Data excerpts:
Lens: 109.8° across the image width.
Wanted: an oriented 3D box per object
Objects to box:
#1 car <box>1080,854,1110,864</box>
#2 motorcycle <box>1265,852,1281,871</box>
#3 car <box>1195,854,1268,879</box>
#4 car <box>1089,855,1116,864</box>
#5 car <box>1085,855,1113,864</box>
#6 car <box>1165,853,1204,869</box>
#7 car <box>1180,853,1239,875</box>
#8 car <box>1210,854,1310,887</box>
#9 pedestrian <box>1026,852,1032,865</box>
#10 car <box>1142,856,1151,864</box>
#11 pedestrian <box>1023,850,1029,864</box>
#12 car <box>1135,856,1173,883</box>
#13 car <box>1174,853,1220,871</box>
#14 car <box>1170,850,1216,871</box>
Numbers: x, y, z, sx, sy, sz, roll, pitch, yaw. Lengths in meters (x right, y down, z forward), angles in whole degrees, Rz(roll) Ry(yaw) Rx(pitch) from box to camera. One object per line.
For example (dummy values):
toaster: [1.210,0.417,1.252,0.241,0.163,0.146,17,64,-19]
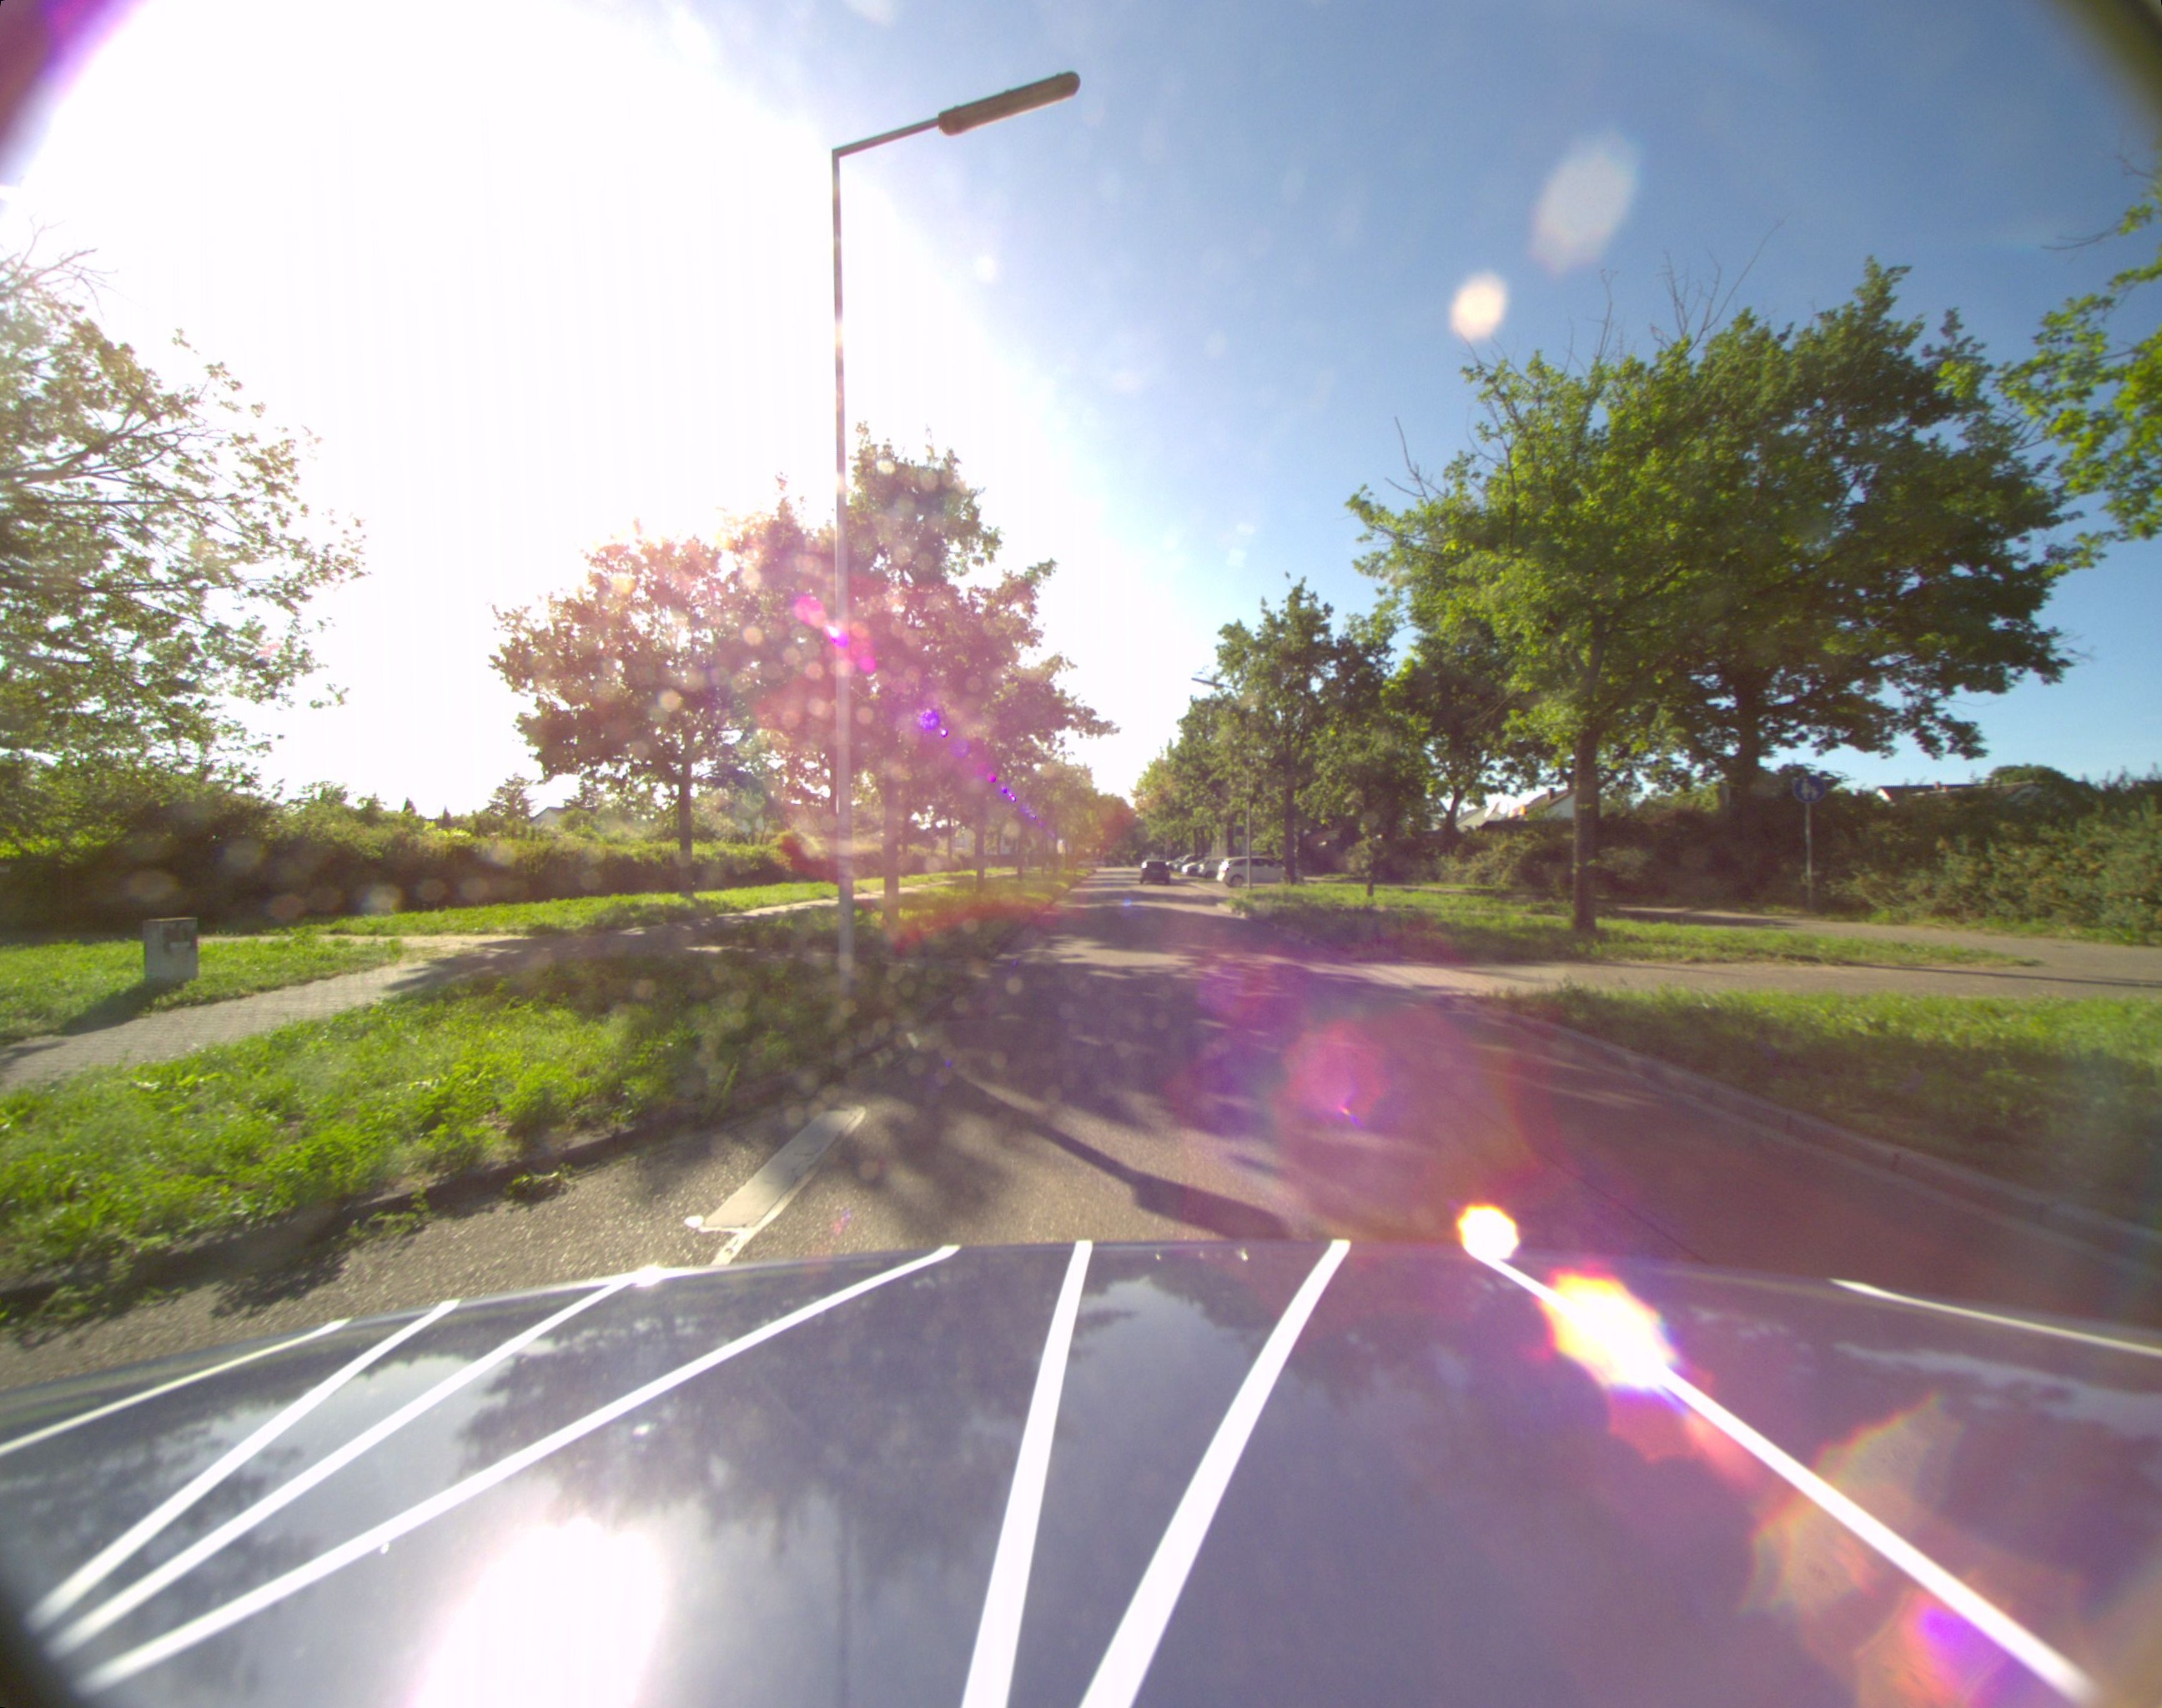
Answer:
car: [2.127,0.749,117.237,4.510,1.470,1.942,0,0,4]
motorcycle: [15.225,0.592,60.296,0.739,1.424,1.991,-4,0,3]
car: [9.947,0.825,50.470,4.423,1.502,2.088,-2,0,2]
car: [3.697,0.925,130.876,4.510,1.470,1.942,0,0,4]
car: [3.048,0.839,125.862,4.510,1.470,1.942,0,0,4]
car: [11.076,0.753,81.420,4.072,1.633,1.877,-2,0,5]
car: [10.231,0.801,60.754,4.422,1.547,2.089,-2,0,4]
car: [9.310,0.839,39.786,4.638,1.549,2.191,-2,0,-1]
pedestrian: [-7.348,0.656,107.559,0.868,1.855,0.666,0,0,3]
car: [12.007,1.088,139.478,1.688,1.394,4.428,1,0,4]
pedestrian: [-7.908,0.362,108.719,0.834,2.002,0.611,0,0,0]
car: [4.312,0.900,45.578,1.770,1.519,4.495,1,0,-1]
car: [10.773,0.717,70.800,4.145,1.547,1.866,-2,0,4]
car: [11.177,0.637,76.019,4.237,1.872,1.999,-2,0,2]

» **TASK INSTRUCTIONS**:
Nothing but the lines above from the one containing "#4 car <box>1089,855,1116,864</box>" through the one containing "toaster: [1.210,0.417,1.252,0.241,0.163,0.146,17,64,-19]" should appear in the answer, each repeated exactly.

» **REPLY TO THE EXERCISE**:
#4 car <box>1089,855,1116,864</box>
#5 car <box>1085,855,1113,864</box>
#6 car <box>1165,853,1204,869</box>
#7 car <box>1180,853,1239,875</box>
#8 car <box>1210,854,1310,887</box>
#9 pedestrian <box>1026,852,1032,865</box>
#10 car <box>1142,856,1151,864</box>
#11 pedestrian <box>1023,850,1029,864</box>
#12 car <box>1135,856,1173,883</box>
#13 car <box>1174,853,1220,871</box>
#14 car <box>1170,850,1216,871</box>
Numbers: x, y, z, sx, sy, sz, roll, pitch, yaw. Lengths in meters (x right, y down, z forward), angles in whole degrees, Rz(roll) Ry(yaw) Rx(pitch) from box to camera. One object per line.
For example (dummy values):
toaster: [1.210,0.417,1.252,0.241,0.163,0.146,17,64,-19]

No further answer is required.